The French regulator conducted the experiment on June 18, it confirmed in a press release. This was part of a larger CBDC trial it launched in March 2020.
In this experiment, Banque de France used the CBDC to simulate the settlement of the listed securities, triggering their delivery in the test environment. This was possible thanks to the conditional securities delivery feature in the TARGET2-Securities (T2S) platform, the bank claimed. T2S is a European securities settlement engine developed by the European Central Bank.
The bank collaborated with SEBA, Banque Internationale à Luxembourg, the oldest private bank in Luxembourg and the Luxembourg central securities depository (LuxCSD).
Banque de France simulated CBDC issuance on a public blockchain, by preserving control and confidentiality of the transactions, based on a smart contract. SEBA purchased securities from the Banque Internationale à Luxembourg, with LuxCSD managing the post-trade settlement.
Nathalie Aufauvre, the director general of financial stability and operations at the French central bank believes that the experiment marks a milestone in the fusion of the traditional and modern banking systems.

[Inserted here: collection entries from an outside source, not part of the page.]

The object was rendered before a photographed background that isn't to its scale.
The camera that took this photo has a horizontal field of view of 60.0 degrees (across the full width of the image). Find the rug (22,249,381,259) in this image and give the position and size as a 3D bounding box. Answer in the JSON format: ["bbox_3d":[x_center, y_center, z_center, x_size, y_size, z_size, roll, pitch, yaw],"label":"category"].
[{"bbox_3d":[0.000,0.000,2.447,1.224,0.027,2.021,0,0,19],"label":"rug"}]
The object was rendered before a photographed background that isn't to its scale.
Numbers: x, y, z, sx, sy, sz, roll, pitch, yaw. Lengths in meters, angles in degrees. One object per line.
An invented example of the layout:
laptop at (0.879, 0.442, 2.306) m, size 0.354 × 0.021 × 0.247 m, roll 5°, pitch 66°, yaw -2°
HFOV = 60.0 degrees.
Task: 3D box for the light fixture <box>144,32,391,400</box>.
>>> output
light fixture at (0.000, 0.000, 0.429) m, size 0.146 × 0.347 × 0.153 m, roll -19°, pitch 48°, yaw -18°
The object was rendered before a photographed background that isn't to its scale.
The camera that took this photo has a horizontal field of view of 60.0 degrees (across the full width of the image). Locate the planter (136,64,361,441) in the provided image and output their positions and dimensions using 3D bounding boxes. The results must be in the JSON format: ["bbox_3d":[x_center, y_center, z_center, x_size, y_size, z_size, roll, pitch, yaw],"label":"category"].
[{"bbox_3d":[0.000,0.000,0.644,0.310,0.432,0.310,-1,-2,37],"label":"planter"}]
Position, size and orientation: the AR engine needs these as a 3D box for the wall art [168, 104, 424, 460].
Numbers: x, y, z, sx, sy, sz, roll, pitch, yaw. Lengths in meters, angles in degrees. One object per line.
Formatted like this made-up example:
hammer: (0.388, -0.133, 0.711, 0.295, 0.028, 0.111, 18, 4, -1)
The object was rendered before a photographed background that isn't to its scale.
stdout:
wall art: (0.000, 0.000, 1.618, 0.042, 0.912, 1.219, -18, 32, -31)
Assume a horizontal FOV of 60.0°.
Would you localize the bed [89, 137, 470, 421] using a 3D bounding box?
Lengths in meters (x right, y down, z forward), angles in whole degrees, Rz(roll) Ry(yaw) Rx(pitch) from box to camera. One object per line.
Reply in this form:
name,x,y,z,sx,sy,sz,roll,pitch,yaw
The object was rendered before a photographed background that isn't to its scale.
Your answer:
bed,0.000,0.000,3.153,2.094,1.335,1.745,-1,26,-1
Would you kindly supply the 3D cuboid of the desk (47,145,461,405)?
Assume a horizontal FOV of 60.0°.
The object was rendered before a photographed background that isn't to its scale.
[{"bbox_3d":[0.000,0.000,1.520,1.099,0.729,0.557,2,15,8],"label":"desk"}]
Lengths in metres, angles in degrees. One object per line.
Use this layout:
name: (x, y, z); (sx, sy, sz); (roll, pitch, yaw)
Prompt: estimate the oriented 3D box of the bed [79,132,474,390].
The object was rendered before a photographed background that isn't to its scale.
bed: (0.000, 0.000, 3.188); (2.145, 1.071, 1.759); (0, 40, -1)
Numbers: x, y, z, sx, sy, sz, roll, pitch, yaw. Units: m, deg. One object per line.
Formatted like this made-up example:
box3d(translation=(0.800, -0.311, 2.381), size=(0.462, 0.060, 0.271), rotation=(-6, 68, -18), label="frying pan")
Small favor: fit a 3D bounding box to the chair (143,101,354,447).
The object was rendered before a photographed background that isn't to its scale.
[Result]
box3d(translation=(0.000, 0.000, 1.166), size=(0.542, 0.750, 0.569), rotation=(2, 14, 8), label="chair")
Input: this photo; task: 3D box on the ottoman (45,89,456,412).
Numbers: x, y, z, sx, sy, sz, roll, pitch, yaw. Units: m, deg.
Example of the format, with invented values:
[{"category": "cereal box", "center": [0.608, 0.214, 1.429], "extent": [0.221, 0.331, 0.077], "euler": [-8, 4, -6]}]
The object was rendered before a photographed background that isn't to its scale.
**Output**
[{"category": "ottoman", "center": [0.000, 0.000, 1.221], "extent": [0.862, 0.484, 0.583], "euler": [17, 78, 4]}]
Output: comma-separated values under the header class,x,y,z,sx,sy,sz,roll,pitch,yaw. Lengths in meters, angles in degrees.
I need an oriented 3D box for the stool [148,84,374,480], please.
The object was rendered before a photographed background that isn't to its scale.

He remarked, “This experiment has made it possible to demonstrate the possibilities of interactions between conventional infrastructures and distributed infrastructures and paves the way for other alliances with the objective of taking advantage of the opportunities offered by financial assets in a blockchain environment.”
The Central Bank of Luxembourg rendered its support to the experiment. Serge Munten, the head of operations at the bank believes that as payments evolve, central banks must keep up. “It was only natural for us to participate in this experiment, which might determine the future of the Central Bank Digital Currency in the eurosystem,” he remarked.
LuxCSD, which managed the post-trade settlement, also expressed its commitment towards digitalization, especially the adoption of emerging technology such as DLT.
Marco Caligaris, the LuxCSD CEO commented, “Connecting new technology, such as DLT, with existing infrastructure is crucial to offer optimal services for the market. By joining forces, the industry can develop sustainable solutions that not only work today but lay a strong foundation for the future.”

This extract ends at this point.